*this is a sample of the first chapter from a draft of my memoir. it hurts to write that, it feels like I forgot to put my pants on just like in all the bad dreams as a kid….
I was sure my mother didn’t love me. Was it possible for anyone to love me? There was always something disallowing it. I wasn’t ever sure exactly what it was, but it was something that I hadn’t done right. Hadn’t done well enough. As far back as I could remember, I always felt like a blind person trying to hit a faraway moving target. There was something I was expected to know that I didn’t know and couldn’t know and I was being punished for that lack of knowledge. Thinking back on the years growing up with her, I can’t remember seeing my mother being affectionate with anyone. But back then, I always thought it was just me.
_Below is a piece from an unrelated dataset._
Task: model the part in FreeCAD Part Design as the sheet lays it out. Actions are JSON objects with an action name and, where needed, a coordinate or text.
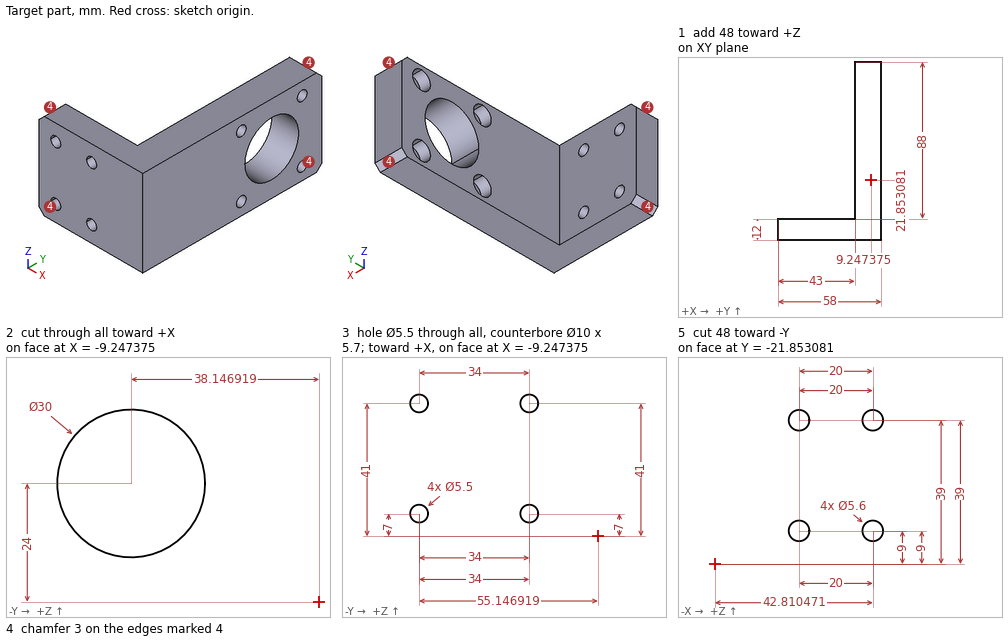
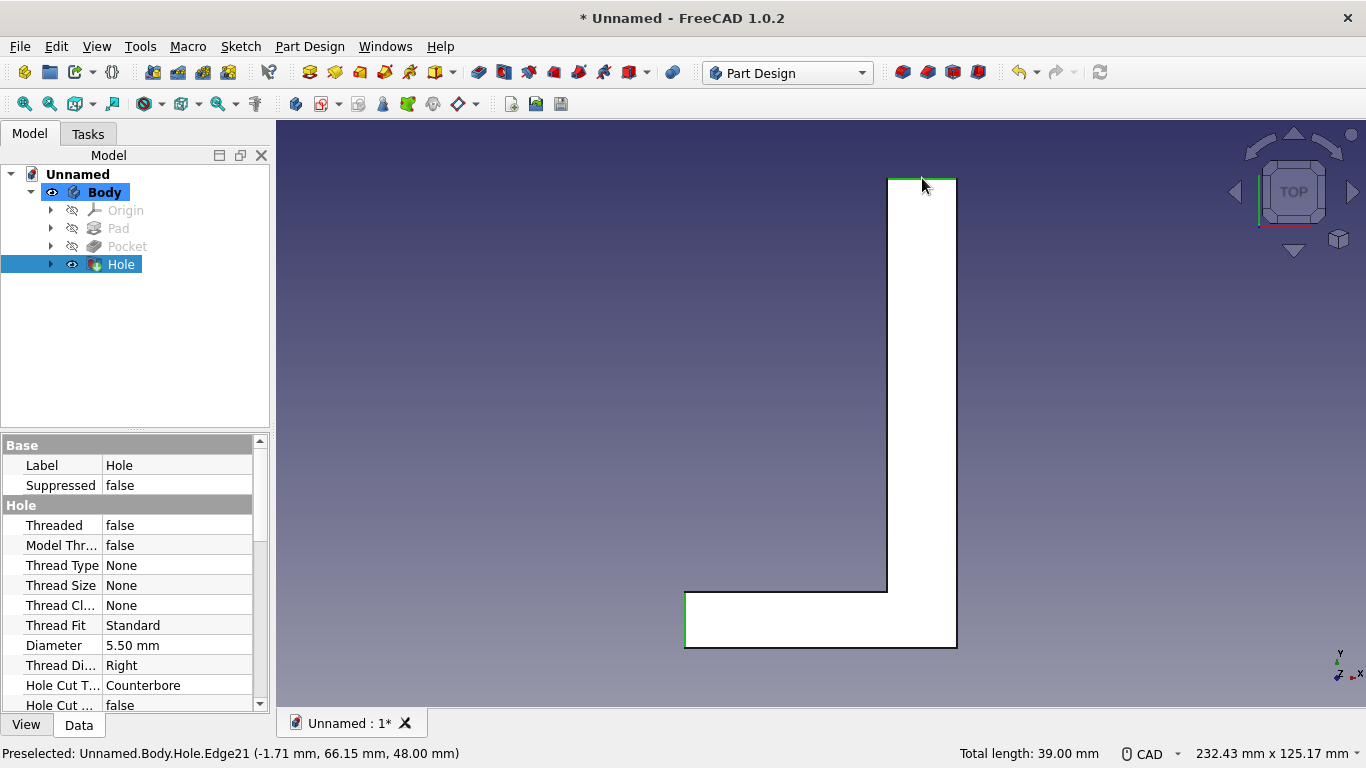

Beginning when I was just a little girl, my mother, Geraldine Gertrude Goddard Reynolds, communicated a storm of disappointment and frustration that soaked into me; it was a sopping wet mess of unmet expectations. I claimed it as my self-description, my definition, my baggage to carry around for the first several decades of life. Thank goodness, now that I am older and wiser, I can understand the truth. Mom was really just disappointed in herself, frustrated by her own circumstances, and she found it impossible to love and accept herself. I was only an unfortunate secondhand recipient of that projected negativity. At least, that is what I have chosen to believe. Gerri left this earth when I was 32 and I can’t ask her, now that I think I might have myself figured out, now that I suspect I’m not really a bad person, just a normal one.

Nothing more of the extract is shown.